> _EXERCISE DIRECTIONS_: In the records below, the line with "- building <box>1498,59,1666,98</box>" opens the range and the line with "- tree <box>472,6,859,520</box>" closes it; print that range exactly and nothing else.

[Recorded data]
========================================================================
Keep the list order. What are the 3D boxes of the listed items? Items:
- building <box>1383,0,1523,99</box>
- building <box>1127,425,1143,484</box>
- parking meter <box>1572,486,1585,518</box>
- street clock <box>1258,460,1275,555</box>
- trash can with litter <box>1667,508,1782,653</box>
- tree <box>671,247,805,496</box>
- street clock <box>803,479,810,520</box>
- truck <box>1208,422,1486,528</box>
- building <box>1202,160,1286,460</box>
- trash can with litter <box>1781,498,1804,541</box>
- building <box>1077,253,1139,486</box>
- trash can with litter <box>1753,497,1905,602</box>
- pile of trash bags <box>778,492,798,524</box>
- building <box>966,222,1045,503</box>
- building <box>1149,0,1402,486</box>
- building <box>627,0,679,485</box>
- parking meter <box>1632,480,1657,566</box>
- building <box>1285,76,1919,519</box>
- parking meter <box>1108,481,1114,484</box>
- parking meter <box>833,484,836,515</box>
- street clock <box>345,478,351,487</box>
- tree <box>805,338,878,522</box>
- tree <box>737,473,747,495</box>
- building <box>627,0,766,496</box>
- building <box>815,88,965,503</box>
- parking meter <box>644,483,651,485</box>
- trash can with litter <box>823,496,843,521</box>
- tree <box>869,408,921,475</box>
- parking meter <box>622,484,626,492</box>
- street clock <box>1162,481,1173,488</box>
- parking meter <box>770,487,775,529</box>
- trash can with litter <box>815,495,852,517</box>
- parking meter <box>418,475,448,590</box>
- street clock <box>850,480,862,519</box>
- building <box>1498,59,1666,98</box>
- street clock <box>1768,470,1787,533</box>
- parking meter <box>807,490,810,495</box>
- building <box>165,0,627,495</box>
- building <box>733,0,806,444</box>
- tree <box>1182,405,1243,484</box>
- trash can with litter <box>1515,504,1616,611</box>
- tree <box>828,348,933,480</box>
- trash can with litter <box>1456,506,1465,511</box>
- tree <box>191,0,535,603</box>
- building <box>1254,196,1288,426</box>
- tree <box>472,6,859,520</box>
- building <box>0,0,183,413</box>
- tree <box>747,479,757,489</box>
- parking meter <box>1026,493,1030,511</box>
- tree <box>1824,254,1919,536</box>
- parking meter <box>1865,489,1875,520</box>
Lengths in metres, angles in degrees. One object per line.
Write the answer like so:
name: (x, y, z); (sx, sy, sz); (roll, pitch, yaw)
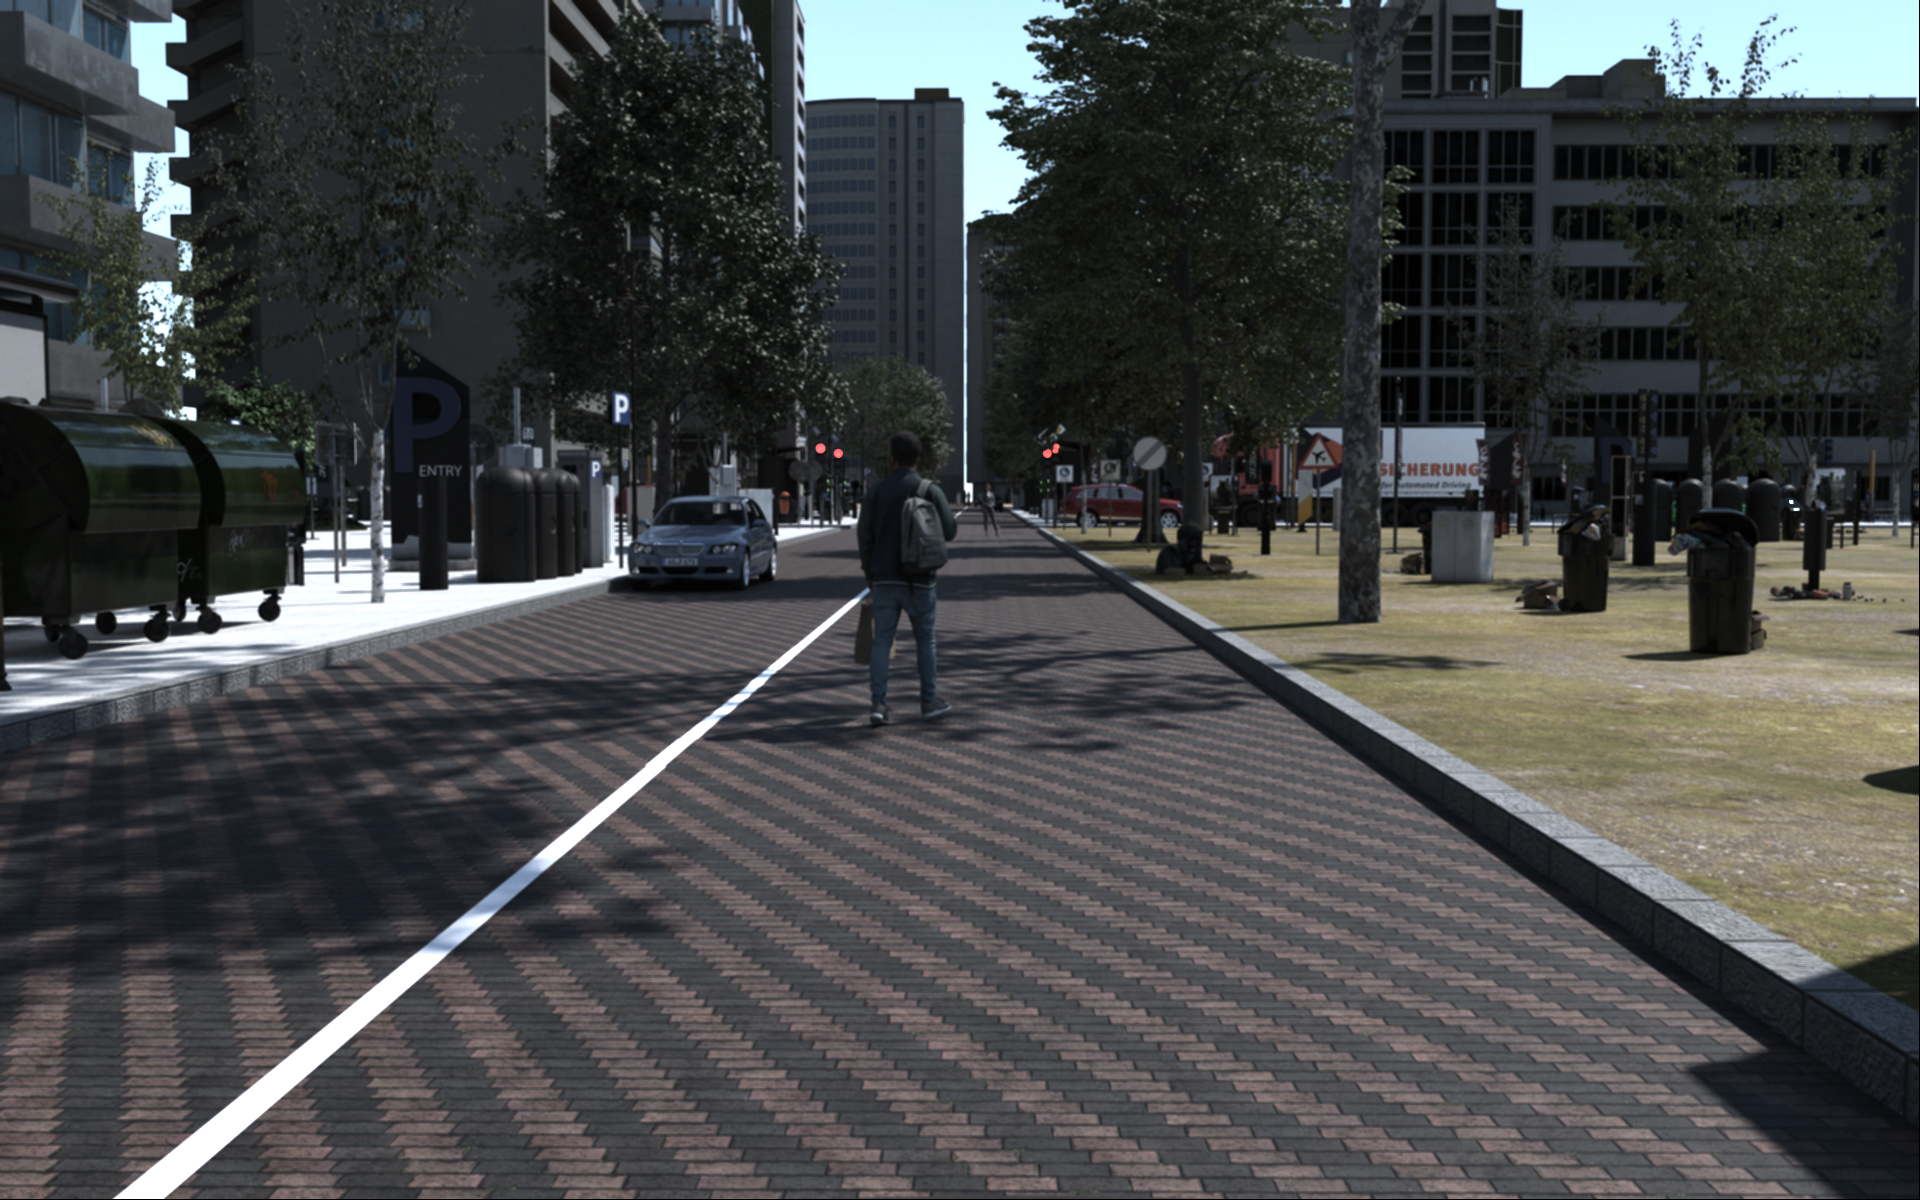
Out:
building: (70.790, -49.841, 253.145); (20.611, 71.187, 20.563); (0, 4, 1)
building: (33.826, -21.385, 194.686); (27.650, 21.520, 28.899); (0, 4, 1)
parking meter: (20.516, -2.999, 57.442); (0.372, 1.533, 0.369); (0, 3, 0)
street clock: (6.479, -1.963, 36.661); (0.358, 2.002, 0.471); (1, 4, 8)
trash can with litter: (6.258, -0.173, 14.221); (0.624, 1.170, 1.055); (3, 4, 37)
tree: (-6.984, -6.071, 49.631); (4.360, 8.622, 3.978); (0, 3, 0)
street clock: (-7.513, -4.904, 84.757); (0.358, 2.002, 0.471); (0, 4, -2)
truck: (14.894, -4.890, 68.857); (11.283, 4.237, 2.839); (0, 4, 0)
building: (26.278, -21.292, 135.518); (14.401, 28.519, 23.554); (0, 4, 1)
trash can with litter: (22.978, -2.209, 47.506); (0.624, 1.170, 1.055); (0, 4, -6)
building: (26.966, -34.773, 260.414); (23.993, 40.220, 32.217); (0, 4, 1)
trash can with litter: (10.799, -0.654, 21.744); (1.678, 1.210, 2.233); (1, 4, 20)
pile of trash bags: (-7.858, -3.966, 74.603); (1.912, 1.369, 3.447); (-1, 4, -19)
building: (7.825, -34.804, 252.637); (14.086, 41.232, 14.154); (0, 4, 1)
building: (29.611, -33.264, 167.570); (21.300, 48.544, 21.600); (0, 4, 1)
building: (-34.704, -26.871, 131.227); (32.217, 40.220, 23.993); (0, 4, 1)
parking meter: (12.259, -1.383, 31.021); (0.372, 1.533, 0.369); (0, 3, 0)
building: (33.555, -16.709, 92.262); (30.058, 24.678, 14.314); (0, 4, 1)
parking meter: (6.827, -4.447, 78.424); (0.255, 1.863, 0.399); (0, 4, 2)
parking meter: (-7.379, -5.838, 101.170); (0.255, 1.863, 0.399); (-3, 4, -37)
street clock: (-28.465, -4.631, 80.280); (0.471, 2.002, 0.358); (1, 4, 15)
tree: (-6.245, -7.974, 80.732); (4.360, 8.622, 3.978); (0, 3, 0)
tree: (-16.526, -8.099, 127.019); (1.663, 3.219, 1.824); (0, 3, 0)
building: (-30.496, -33.256, 163.349); (23.786, 49.044, 30.456); (0, 4, 1)
building: (-13.392, -43.578, 254.499); (28.212, 58.520, 21.231); (0, 4, 1)
parking meter: (-16.006, -5.089, 88.911); (0.255, 1.863, 0.399); (-2, 4, -32)
trash can with litter: (-6.073, -4.345, 82.431); (1.055, 1.170, 0.624); (1, 4, 16)
tree: (-5.124, -11.770, 142.807); (4.737, 8.622, 4.395); (0, 3, 0)
parking meter: (-19.599, -5.859, 101.506); (0.255, 1.863, 0.399); (1, 4, 19)
street clock: (11.646, -5.695, 97.677); (0.471, 2.002, 0.358); (-2, 4, -27)
parking meter: (-6.984, -3.399, 63.988); (0.372, 1.533, 0.369); (0, 3, 0)
trash can with litter: (-7.788, -5.869, 107.019); (2.233, 1.210, 1.678); (0, 4, 2)
parking meter: (-7.064, -0.905, 23.216); (0.372, 1.533, 0.369); (0, 3, 0)
street clock: (-5.504, -5.264, 90.639); (0.358, 2.002, 0.471); (3, 4, 37)
building: (69.942, -35.127, 198.032); (21.600, 48.544, 21.300); (0, 4, 1)
street clock: (24.121, -2.850, 51.160); (0.471, 2.002, 0.358); (-1, 4, -9)
parking meter: (-8.906, -5.735, 102.175); (0.372, 1.533, 0.369); (0, 3, 0)
building: (-31.770, -29.092, 99.357); (21.300, 48.544, 21.600); (0, 4, 1)
building: (-32.141, -40.177, 198.887); (28.212, 58.520, 21.231); (0, 4, 1)
tree: (11.525, -7.845, 78.631); (4.360, 8.622, 3.978); (0, 3, 0)
trash can with litter: (6.662, -0.473, 19.126); (0.624, 1.170, 1.055); (-3, 5, -44)
tree: (-5.654, -12.021, 122.299); (9.928, 11.665, 9.643); (0, 3, 0)
trash can with litter: (40.644, -7.897, 140.496); (0.624, 1.170, 1.055); (2, 4, 29)
tree: (-6.984, -4.288, 20.468); (4.360, 8.622, 3.978); (0, 3, 0)
building: (25.285, -16.524, 111.971); (13.314, 21.916, 24.055); (0, 4, 1)
tree: (-6.951, -7.581, 40.954); (9.611, 12.733, 9.660); (0, 3, 0)
building: (-35.364, -25.528, 36.990); (30.456, 49.044, 23.786); (0, 4, 1)
tree: (-13.563, -7.690, 120.340); (1.663, 3.219, 1.824); (0, 3, 0)
parking meter: (5.075, -7.578, 129.611); (0.255, 1.863, 0.399); (0, 4, 7)
tree: (28.342, -6.236, 52.329); (4.360, 8.622, 3.978); (0, 3, 0)
parking meter: (43.917, -4.599, 83.602); (0.372, 1.533, 0.369); (0, 3, 0)
========================================================================
> _TASK OUTPUT_:
- building <box>1498,59,1666,98</box>
- street clock <box>1768,470,1787,533</box>
- parking meter <box>807,490,810,495</box>
- building <box>165,0,627,495</box>
- building <box>733,0,806,444</box>
- tree <box>1182,405,1243,484</box>
- trash can with litter <box>1515,504,1616,611</box>
- tree <box>828,348,933,480</box>
- trash can with litter <box>1456,506,1465,511</box>
- tree <box>191,0,535,603</box>
- building <box>1254,196,1288,426</box>
- tree <box>472,6,859,520</box>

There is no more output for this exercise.